Figure 1 shows the national ILINet curve for the 2015–2016 season in comparison to the 2009–2010 through 2014–2015 seasons. Compared to earlier seasons, the 2015–2016 season started later and had a later peak. The peak intensity was 3.5%, well below the high value of 7.7% set in the 2009–2010 pandemic season and below the peak of 6.0% in 2014–2015. Seasonal forecast targets and evaluation periods for short–term forecasts for each region are shown in Table 1. The evaluation period for each target reflected the Morbidity and Mortality Weekly Report (MMWR) calendar weeks when forecasts for that target have the most utility (see Methods).

Figure 1

Percentage of visits for ILI reported by ILINet – 2009–2010 season to 2015–2016 season.

Table 1

2015–2016 seasonal target values and boundaries of evaluation periods for the United States as a whole and each HHS Region, based on ILINet values published MMWR week 28 (July 22, 2016).

	Seasonal Targets				Evaluation Periods (MMWR Week)
	Baseline value	Onset Week	Peak Week	Peak Intensity	Onset Week	Peak Week/ Intensity	1–4 week ahead
US National	2.1%	3	10	3.6%	42 − 9	42 − 14	51 − 17
HHS Region 1	1.3%	51	10	2.5%	42 − 5	42 − 17	47 − 18
HHS Region 2	2.3%	4	11	4.1%	42 − 10	42 − 14	52 − 17
HHS Region 3	1.8%	47	10	4.0%	42 − 1	42 − 18	43 − 18
HHS Region 4	1.6%	3	10	3.6%	42 − 9	42 − 18	51 − 18
HHS Region 5	1.6%	7	10	3.3%	42 − 13	42 − 14	3 − 17
HHS Region 6	3.6%	47	7	5.6%	42 − 1	42 − 13	49 − 16
HHS Region 7	1.7%	7	10	2.5%	42 − 13	42 − 14	3 − 17
HHS Region 8	1.4%	5	8, 11	2.2%	42 − 11	42 − 15	1 − 18
HHS Region 9	2.6%	3	7	4.4%	42 − 9	42 − 14	51 − 17
HHS Region 10	1.1%	2	7	2.4%	42 − 8	42 − 15	50 − 18

Percentage of visits for ILI reported by ILINet – 2009–2010 season to 2015–2016 season. 2015–2016 seasonal target values and boundaries of evaluation periods for the United States as a whole and each HHS Region, based on ILINet values published MMWR week 28 (July 22, 2016).
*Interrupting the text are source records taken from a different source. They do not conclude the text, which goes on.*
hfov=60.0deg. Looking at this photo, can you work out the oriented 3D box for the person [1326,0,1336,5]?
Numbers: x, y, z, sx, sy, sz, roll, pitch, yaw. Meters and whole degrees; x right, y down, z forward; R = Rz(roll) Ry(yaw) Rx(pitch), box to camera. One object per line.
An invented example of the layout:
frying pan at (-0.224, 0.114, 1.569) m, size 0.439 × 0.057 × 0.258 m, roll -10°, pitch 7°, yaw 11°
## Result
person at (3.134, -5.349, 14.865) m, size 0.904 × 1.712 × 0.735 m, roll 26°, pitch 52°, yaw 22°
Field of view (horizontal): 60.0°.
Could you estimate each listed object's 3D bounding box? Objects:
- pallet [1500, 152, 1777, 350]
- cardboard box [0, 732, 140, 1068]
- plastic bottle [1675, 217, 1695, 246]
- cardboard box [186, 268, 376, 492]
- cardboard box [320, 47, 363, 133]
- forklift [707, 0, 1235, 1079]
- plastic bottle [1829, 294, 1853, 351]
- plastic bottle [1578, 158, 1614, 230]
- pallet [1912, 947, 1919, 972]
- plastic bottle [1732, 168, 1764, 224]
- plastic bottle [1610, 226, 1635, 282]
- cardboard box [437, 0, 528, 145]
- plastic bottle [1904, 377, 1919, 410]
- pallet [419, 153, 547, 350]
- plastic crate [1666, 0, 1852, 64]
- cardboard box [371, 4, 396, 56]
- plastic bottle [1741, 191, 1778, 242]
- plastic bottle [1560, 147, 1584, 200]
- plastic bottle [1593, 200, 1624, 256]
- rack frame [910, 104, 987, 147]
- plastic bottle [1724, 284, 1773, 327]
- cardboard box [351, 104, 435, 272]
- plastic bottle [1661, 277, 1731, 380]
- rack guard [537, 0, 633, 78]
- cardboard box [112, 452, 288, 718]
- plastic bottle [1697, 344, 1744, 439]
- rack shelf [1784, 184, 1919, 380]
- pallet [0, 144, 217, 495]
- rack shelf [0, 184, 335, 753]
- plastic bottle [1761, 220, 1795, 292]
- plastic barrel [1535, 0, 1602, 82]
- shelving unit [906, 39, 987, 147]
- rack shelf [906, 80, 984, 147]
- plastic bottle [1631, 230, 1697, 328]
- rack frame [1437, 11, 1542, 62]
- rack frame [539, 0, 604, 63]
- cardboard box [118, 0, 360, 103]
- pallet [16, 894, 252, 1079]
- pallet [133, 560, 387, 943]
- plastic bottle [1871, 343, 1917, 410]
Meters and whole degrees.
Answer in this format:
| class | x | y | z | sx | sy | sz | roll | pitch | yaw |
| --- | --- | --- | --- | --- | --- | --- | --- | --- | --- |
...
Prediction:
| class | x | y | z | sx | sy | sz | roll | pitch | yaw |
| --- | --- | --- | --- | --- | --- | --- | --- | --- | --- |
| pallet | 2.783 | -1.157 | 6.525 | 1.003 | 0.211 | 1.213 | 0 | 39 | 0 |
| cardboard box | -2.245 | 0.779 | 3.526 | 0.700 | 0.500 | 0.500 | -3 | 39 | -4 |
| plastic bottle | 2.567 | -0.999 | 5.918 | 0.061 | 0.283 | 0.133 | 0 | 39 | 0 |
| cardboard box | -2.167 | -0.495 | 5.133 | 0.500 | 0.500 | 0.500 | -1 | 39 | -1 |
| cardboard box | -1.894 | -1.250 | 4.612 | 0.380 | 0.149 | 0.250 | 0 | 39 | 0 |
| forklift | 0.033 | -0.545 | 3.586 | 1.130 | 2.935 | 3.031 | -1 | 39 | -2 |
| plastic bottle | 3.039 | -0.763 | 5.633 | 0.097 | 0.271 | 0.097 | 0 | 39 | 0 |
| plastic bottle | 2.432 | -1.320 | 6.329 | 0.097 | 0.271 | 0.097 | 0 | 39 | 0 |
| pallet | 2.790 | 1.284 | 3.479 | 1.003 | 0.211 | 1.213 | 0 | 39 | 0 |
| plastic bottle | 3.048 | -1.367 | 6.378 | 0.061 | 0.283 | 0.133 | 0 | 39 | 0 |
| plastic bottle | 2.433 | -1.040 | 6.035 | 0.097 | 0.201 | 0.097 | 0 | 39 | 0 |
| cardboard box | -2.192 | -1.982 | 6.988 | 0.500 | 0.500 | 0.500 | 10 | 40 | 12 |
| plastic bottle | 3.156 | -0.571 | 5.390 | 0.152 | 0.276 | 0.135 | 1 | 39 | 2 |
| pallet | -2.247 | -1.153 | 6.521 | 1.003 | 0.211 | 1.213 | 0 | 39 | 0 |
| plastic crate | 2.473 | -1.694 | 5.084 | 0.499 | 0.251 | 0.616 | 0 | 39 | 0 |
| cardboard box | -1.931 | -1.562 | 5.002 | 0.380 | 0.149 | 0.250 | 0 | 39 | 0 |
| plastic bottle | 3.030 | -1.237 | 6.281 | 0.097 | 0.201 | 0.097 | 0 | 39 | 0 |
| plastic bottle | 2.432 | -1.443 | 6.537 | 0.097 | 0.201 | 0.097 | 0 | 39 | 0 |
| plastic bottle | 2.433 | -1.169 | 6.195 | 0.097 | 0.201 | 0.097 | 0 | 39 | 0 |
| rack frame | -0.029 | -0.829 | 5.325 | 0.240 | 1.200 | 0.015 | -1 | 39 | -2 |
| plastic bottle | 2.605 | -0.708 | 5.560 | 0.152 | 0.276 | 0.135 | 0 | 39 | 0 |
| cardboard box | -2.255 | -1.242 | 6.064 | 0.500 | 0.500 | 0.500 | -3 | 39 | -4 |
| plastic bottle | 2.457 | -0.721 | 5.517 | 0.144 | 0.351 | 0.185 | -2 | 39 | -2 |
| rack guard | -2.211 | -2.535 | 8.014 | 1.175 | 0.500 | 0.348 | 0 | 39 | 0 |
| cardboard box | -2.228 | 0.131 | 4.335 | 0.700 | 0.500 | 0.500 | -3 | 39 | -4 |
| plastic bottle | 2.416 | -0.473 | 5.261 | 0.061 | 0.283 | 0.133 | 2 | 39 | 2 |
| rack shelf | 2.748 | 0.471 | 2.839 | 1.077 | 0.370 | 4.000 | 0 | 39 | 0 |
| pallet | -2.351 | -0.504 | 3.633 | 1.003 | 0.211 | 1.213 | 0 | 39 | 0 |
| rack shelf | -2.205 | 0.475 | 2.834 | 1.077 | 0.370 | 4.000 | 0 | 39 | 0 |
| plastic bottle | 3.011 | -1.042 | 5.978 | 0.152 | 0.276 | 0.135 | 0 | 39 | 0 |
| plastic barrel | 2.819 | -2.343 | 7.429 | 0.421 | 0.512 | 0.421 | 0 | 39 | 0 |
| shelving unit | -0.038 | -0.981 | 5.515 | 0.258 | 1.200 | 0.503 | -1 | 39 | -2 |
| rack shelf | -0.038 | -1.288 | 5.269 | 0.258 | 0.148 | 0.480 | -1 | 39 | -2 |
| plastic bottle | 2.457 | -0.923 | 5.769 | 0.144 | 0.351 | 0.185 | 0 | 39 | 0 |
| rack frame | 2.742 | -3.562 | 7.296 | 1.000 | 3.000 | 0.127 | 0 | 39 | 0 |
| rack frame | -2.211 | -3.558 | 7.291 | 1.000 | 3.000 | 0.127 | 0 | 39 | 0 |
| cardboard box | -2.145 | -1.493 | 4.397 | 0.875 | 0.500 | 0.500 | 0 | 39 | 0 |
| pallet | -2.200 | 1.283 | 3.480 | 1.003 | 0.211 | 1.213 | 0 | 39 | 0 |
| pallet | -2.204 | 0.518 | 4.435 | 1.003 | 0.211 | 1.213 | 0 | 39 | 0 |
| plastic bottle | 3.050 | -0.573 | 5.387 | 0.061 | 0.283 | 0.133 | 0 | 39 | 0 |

Eleven teams submitted fourteen separate forecasts (models A-N, Table 2). Table 2 contains brief descriptions of each model’s methodology. All model structures remained consistent over the season, and only Model G made minor updates to their method to better incorporate trends in ILINet revisions. All but one model provided predictions for each of the 10 HHS Regions. Most teams participated throughout the season, but four forecasts began late: Model I (MMWR week 50), Model K (MMWR week 45), Model L (MMWR week 49), and Model N (MMWR week 4). For these models, earlier forecasts were scored as missing.

Table 2

Participating model descriptions.

Model	Data source	Regional forecast^a	Model type	Returning Team	Ensemble Forecast	Brief description
A	ILINet, weather attributes	Yes	Mechanistic^b	Yes	Yes	SIRS model with ensemble Kalman filter to assimilate observed data sources.
B	ILINet	Yes	Statistical^c	No	Yes	Historical predictions for part of season, followed by extra trees random forest predictive model.
C	ILINet, specific humidity	Yes	Mechanistic	Yes	Yes	SIR, SIRS, SEIR, SEIRS models combined using three ensemble filter algorithms w/ fixed scale and real-time ILI measures.[24–26]
D	ILINet, specific humidity	Yes	Mechanistic	Yes	Yes	SIR, SIRS, SEIR, SEIRS models combined using three ensemble filter algorithms w/ variable scale and inferred ILI measures[24–26].
E	ILINet, Twitter, Wikipedia	Yes	Statistical	Yes	No	Kalman filter using archetypal ILI trajectory as a process model and digital surveillance as measurements[27].
F	ILINet, crowd-sourced forecasts	Yes	Statistical	Yes	Yes	Aggregate forecast from many individual crowd-sourced forecasts[28].
G	ILINet	Yes	Statistical	Yes	Yes	Weighted ensemble of ten statistical models including empirical Bayes, smooth splines, empirical distribution.
H	ILINet, weather attributes	Yes	Statistical	No	No	Use maximum mutual information to explore dependencies between factors and determine the optimal predictive model; variables included are ILI, temperature, rain/snowfall, leading to a maximum entropy generalized non-linear model.
I^d	ILINet, Twitter	Yes	Statistical	No	No	Bayesian hierarchical model that borrows information from previous flu seasons to inform about the current flu season.
J	ILINet	Yes	Mechanistic	No	No	Fit optimal parabola to incidence curve for current season ILI data, incorporating noise estimated from past seasons[29].
K^d	ILINet	Yes	Statistical	No	No	Use k-nearest neighbours approach to select past season most similar to current season. Historical variance with normality assumption used to generate probabilities.
L^d	ILINet	No	Statistical	No	No	Use kernel conditional density estimation to estimate each future week, combine using copulas to create joint distribution[30].
M	ILINet, Twitter	Yes	Mechanistic	Yes	No	Uses Twitter and ILINet data to set initial conditions for stochastic generative epidemic model, calibrated to historical ILI surveillance[31,32].
N^d	ILINet, school vacation schedules, specific humidity	Yes	Mechanistic	No	No	An MCMC procedure with an SIR model using climate and school vacation schedule to determine the reproduction number. National forecasts are a weighted average of coupled regional forecasts.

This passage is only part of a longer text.